§ **Task objective**
The reply to the records below should contain exactly the lines from the line with "What is the main subject" through the line with "Convert formula to", and nothing besides.

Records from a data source
—————

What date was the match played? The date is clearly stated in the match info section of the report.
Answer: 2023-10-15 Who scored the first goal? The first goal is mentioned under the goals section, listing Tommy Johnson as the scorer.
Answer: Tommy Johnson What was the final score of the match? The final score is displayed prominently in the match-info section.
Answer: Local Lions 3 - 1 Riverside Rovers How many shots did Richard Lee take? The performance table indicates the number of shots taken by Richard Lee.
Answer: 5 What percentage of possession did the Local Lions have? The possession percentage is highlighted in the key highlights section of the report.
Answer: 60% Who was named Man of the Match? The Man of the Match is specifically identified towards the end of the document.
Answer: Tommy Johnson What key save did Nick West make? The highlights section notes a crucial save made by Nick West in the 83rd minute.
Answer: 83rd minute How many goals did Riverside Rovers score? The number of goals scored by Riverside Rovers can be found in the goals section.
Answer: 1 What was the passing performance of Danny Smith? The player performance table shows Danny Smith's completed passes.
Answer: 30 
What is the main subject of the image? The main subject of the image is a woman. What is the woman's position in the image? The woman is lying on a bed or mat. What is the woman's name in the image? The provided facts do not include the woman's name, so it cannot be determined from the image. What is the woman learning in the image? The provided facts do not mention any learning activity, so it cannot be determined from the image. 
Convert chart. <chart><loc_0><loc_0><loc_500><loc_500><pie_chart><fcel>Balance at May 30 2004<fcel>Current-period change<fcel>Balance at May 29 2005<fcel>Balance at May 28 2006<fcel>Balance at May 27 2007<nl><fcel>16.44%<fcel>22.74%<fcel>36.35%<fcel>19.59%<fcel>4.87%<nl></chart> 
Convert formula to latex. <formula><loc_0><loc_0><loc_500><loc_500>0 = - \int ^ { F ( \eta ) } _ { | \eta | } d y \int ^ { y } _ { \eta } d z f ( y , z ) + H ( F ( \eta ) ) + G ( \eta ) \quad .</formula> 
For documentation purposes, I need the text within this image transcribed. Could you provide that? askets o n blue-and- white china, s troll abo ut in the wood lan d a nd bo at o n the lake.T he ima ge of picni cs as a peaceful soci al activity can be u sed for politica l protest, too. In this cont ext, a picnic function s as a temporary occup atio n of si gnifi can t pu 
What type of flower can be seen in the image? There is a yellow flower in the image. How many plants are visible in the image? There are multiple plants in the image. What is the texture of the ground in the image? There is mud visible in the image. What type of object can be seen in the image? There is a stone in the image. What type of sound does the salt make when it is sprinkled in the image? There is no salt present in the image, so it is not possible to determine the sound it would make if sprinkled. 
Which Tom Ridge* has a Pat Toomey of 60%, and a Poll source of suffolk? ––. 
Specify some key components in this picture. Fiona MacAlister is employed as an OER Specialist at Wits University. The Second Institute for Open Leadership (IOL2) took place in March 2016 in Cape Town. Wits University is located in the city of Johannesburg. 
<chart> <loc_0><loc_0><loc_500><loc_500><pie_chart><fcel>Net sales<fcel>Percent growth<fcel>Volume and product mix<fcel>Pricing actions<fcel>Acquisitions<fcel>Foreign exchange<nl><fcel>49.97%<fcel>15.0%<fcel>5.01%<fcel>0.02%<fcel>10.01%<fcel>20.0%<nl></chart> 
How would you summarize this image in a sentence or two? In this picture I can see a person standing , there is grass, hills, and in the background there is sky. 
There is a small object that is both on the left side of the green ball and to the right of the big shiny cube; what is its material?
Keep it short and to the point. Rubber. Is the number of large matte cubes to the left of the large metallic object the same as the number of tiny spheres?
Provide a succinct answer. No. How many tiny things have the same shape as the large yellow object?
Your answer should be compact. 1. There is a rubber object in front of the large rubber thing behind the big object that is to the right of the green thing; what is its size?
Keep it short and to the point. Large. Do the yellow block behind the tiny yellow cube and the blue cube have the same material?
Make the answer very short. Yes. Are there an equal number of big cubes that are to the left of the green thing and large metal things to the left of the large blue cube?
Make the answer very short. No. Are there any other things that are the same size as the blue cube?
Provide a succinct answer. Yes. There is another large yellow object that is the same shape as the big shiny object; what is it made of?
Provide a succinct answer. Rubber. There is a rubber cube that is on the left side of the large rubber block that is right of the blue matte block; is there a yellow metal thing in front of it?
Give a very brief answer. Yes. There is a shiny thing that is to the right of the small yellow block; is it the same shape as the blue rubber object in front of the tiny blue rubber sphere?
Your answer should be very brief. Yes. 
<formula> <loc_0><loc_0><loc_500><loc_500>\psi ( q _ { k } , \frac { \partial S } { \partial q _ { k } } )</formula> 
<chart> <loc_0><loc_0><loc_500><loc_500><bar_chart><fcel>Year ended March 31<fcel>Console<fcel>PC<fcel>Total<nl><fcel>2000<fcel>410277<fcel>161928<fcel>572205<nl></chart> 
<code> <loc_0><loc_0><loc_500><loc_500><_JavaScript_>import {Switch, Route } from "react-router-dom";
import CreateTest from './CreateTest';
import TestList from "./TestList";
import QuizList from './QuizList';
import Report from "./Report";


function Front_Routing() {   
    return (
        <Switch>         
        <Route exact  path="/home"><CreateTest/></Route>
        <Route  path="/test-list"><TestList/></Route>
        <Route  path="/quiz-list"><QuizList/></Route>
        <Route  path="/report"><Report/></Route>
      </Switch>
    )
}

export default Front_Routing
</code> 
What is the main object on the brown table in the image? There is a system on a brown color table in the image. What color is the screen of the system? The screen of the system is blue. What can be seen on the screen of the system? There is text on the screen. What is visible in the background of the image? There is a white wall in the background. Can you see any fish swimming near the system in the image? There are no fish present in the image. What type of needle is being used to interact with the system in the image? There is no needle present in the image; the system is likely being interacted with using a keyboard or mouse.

—————

§ **Solution for this task**
What is the main subject of the image? The main subject of the image is a woman. What is the woman's position in the image? The woman is lying on a bed or mat. What is the woman's name in the image? The provided facts do not include the woman's name, so it cannot be determined from the image. What is the woman learning in the image? The provided facts do not mention any learning activity, so it cannot be determined from the image. 
Convert chart. <chart><loc_0><loc_0><loc_500><loc_500><pie_chart><fcel>Balance at May 30 2004<fcel>Current-period change<fcel>Balance at May 29 2005<fcel>Balance at May 28 2006<fcel>Balance at May 27 2007<nl><fcel>16.44%<fcel>22.74%<fcel>36.35%<fcel>19.59%<fcel>4.87%<nl></chart> 
Convert formula to latex. <formula><loc_0><loc_0><loc_500><loc_500>0 = - \int ^ { F ( \eta ) } _ { | \eta | } d y \int ^ { y } _ { \eta } d z f ( y , z ) + H ( F ( \eta ) ) + G ( \eta ) \quad .</formula> 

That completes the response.